TASK GOAL: Among the records below, find each line that includes the string "oriented" and copy it.

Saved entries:
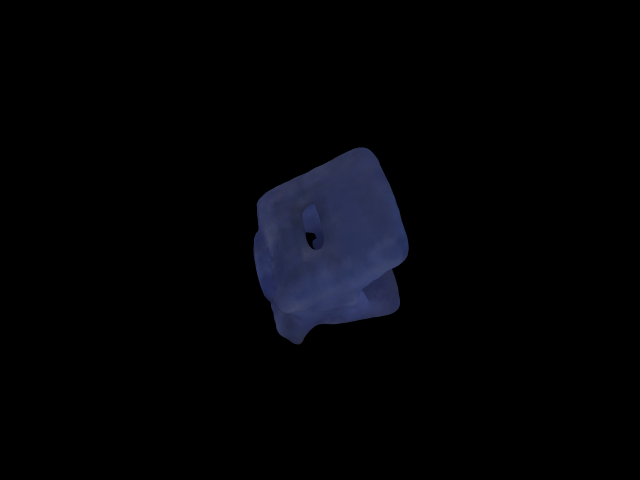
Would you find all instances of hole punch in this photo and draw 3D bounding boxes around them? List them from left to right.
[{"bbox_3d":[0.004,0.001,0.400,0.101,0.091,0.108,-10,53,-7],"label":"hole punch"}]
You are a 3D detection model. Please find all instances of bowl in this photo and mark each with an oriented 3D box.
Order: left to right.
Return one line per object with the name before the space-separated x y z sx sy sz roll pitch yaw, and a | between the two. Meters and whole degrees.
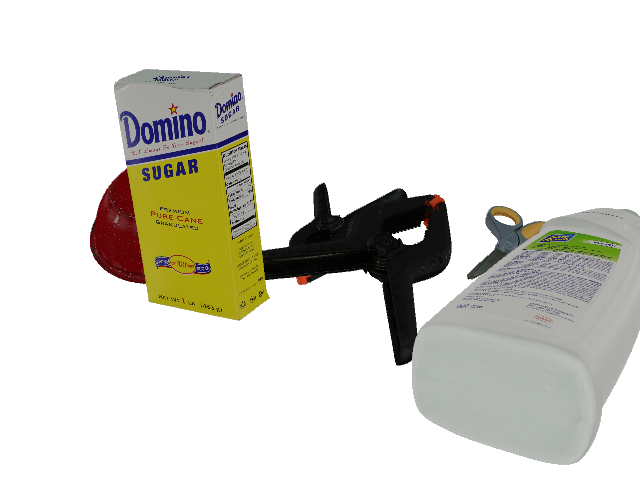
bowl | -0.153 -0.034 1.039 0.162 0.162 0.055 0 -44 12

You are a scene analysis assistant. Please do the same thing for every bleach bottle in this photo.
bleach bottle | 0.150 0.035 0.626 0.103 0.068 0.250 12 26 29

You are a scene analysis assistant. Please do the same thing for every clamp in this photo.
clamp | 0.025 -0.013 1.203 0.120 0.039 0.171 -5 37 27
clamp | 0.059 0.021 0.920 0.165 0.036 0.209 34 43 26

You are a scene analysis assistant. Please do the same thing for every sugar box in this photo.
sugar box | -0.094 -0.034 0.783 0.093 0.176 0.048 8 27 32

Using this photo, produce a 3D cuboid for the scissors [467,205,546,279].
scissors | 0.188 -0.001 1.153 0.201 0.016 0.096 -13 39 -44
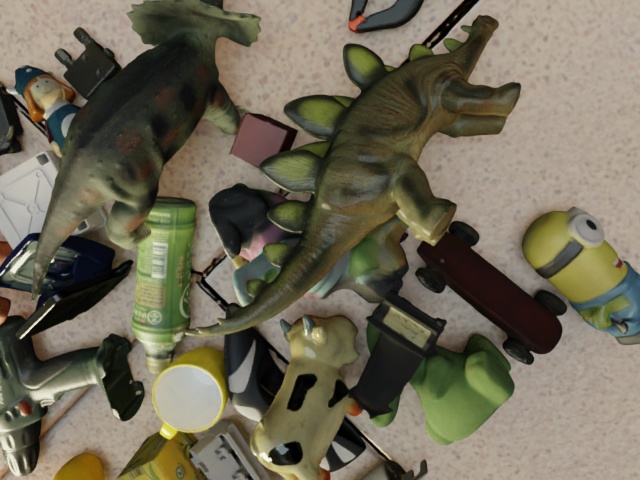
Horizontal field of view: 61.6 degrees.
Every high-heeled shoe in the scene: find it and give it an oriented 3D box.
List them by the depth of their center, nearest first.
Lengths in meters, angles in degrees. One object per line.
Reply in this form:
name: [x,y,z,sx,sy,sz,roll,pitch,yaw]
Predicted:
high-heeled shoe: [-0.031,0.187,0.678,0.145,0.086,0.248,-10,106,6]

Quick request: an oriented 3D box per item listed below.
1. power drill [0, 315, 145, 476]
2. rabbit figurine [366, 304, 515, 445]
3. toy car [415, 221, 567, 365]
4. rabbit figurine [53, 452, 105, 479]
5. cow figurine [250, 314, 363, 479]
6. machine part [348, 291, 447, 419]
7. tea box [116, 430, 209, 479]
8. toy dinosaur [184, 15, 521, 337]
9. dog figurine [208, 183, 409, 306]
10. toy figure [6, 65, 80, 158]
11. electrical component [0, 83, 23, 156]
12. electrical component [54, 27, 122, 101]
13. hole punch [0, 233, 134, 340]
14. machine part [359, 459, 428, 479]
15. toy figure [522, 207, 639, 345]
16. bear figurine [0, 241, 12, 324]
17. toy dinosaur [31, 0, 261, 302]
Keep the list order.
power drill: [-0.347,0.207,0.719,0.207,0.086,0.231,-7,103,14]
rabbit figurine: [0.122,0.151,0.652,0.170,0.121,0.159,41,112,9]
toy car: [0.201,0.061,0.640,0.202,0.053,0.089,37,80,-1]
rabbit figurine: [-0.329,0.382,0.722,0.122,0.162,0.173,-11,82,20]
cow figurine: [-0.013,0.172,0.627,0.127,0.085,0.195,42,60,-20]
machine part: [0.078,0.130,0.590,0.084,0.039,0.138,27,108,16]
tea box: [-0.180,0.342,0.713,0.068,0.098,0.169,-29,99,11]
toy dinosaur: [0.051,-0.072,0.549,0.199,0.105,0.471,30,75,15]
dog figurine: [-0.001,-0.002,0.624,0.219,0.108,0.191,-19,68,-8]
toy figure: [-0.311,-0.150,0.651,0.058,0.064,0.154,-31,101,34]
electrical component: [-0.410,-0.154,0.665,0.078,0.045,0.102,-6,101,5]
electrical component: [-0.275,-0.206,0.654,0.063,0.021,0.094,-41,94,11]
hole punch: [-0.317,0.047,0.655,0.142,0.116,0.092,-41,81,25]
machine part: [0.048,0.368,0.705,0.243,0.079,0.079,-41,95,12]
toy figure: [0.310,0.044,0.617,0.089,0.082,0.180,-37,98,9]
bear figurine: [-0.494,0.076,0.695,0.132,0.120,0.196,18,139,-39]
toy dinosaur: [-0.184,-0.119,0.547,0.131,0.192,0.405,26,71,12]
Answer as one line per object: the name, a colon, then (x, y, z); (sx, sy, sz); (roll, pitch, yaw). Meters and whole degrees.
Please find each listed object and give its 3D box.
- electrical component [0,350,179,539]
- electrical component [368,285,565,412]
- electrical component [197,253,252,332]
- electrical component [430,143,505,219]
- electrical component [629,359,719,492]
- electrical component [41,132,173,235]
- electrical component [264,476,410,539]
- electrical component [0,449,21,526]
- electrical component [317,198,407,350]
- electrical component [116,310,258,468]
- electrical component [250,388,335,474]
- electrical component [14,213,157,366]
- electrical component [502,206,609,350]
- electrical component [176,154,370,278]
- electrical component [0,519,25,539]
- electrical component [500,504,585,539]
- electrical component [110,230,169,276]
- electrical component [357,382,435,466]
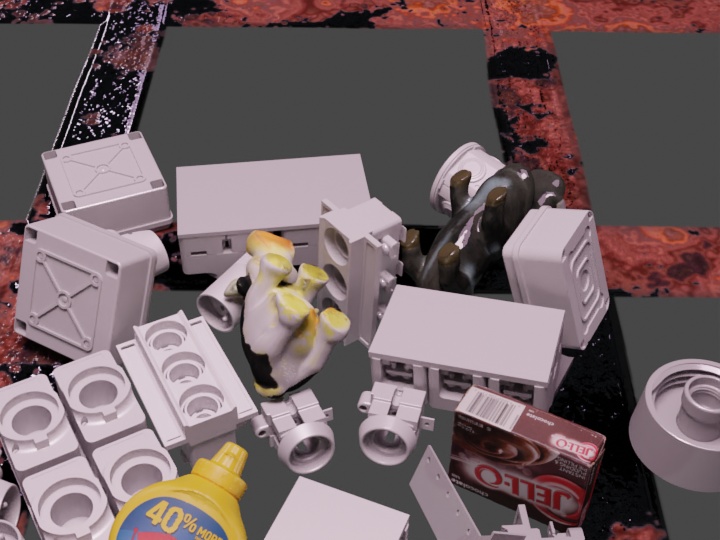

SOLUTION BELOW:
You are a 3D detection model. Please find all instances of bowl in this photo and mark each with an oriented 3D box.
Every high-heeled shoe in the scene: find it and give it an oriented 3D box.
Quick request: an oriented 3D box per item listed below.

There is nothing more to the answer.